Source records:
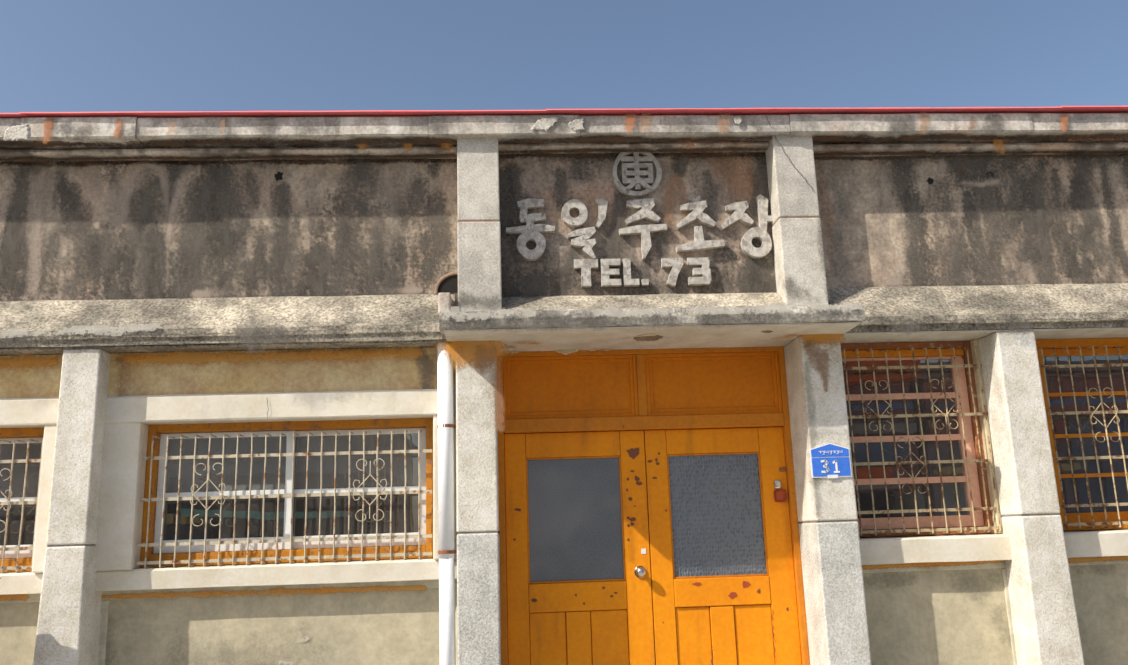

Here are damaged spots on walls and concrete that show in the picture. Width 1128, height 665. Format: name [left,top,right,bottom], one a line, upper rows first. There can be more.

water stain [0,155,457,302]
water stain [459,148,796,305]
crack [765,114,820,199]
water stain [814,151,1128,287]
peeling [626,448,660,541]
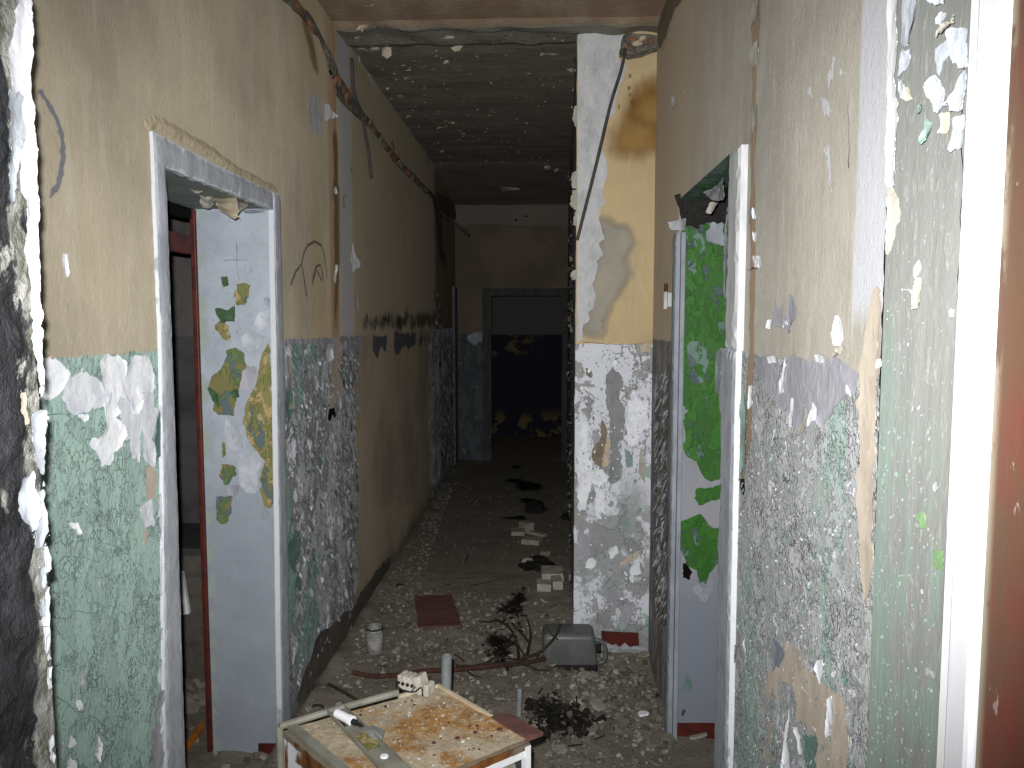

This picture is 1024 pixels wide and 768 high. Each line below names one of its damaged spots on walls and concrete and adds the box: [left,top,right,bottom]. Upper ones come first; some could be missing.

peeling [8,0,167,768]
peeling [544,0,681,650]
damp [615,81,657,155]
spalling [734,0,968,768]
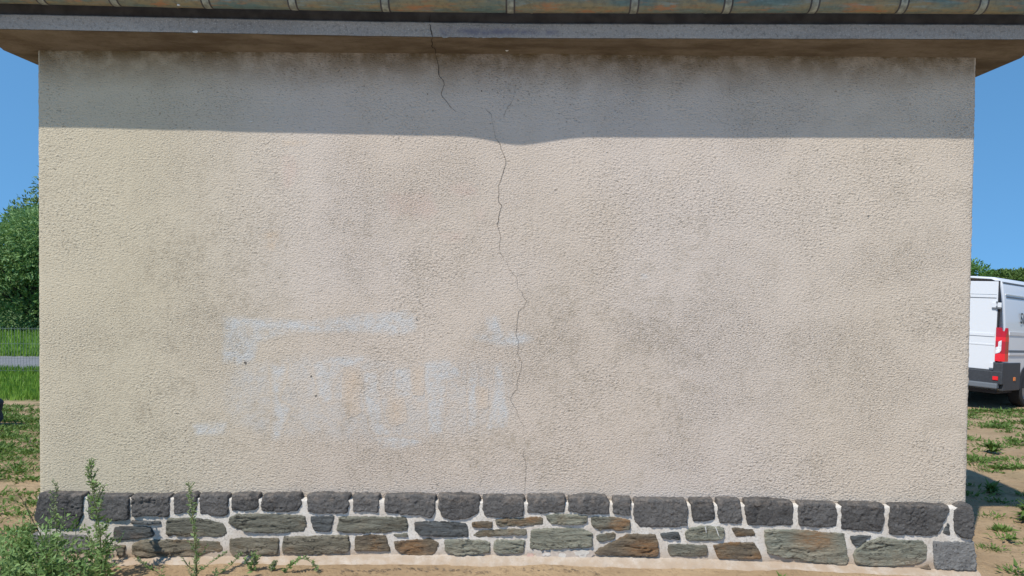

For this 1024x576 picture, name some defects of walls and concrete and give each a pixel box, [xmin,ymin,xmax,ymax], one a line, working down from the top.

crack [418,14,455,111]
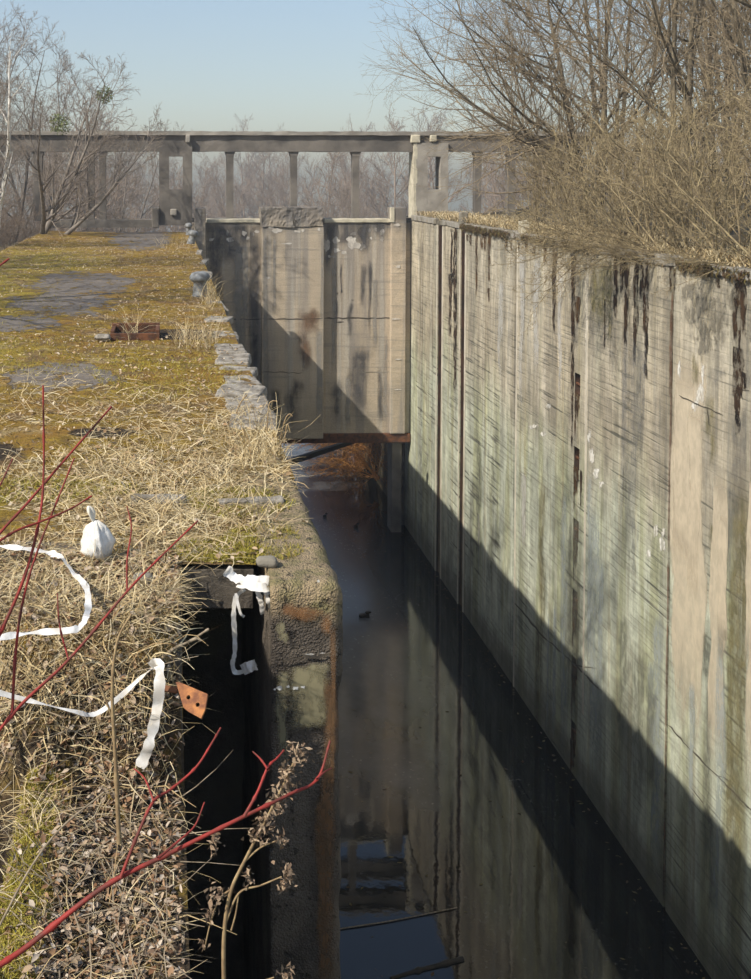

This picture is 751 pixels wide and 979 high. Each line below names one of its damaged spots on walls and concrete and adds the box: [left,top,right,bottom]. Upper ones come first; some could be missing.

water stain [334,353,366,420]
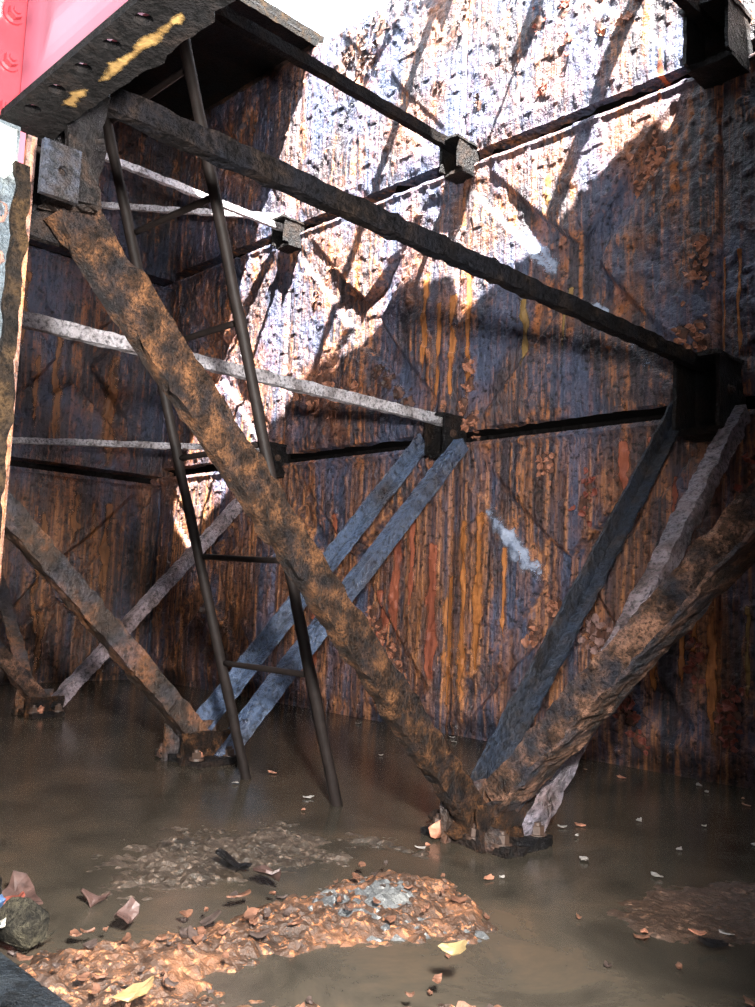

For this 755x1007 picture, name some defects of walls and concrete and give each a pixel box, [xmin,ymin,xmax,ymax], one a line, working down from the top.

peeling [0,123,17,178]
corrosion [626,127,674,199]
corrosion [671,230,743,355]
corrosion [519,299,529,364]
corrosion [32,337,64,439]
corrosion [292,392,351,419]
corrosion [316,370,360,393]
corrosion [618,441,630,490]
leakage [486,511,542,575]
corrosion [424,512,485,706]
corrosion [499,548,507,635]
corrosion [578,613,612,654]

▶ **Aim of the exercise**
Copy only the stretch running from the line containing "For this 755x1007" to the final line of the entries, both ends included, exactly as it stands.

▶ **Solution to the exercise**
For this 755x1007 picture, name some defects of walls and concrete and give each a pixel box, [xmin,ymin,xmax,ymax], one a line, working down from the top.

peeling [0,123,17,178]
corrosion [626,127,674,199]
corrosion [671,230,743,355]
corrosion [519,299,529,364]
corrosion [32,337,64,439]
corrosion [292,392,351,419]
corrosion [316,370,360,393]
corrosion [618,441,630,490]
leakage [486,511,542,575]
corrosion [424,512,485,706]
corrosion [499,548,507,635]
corrosion [578,613,612,654]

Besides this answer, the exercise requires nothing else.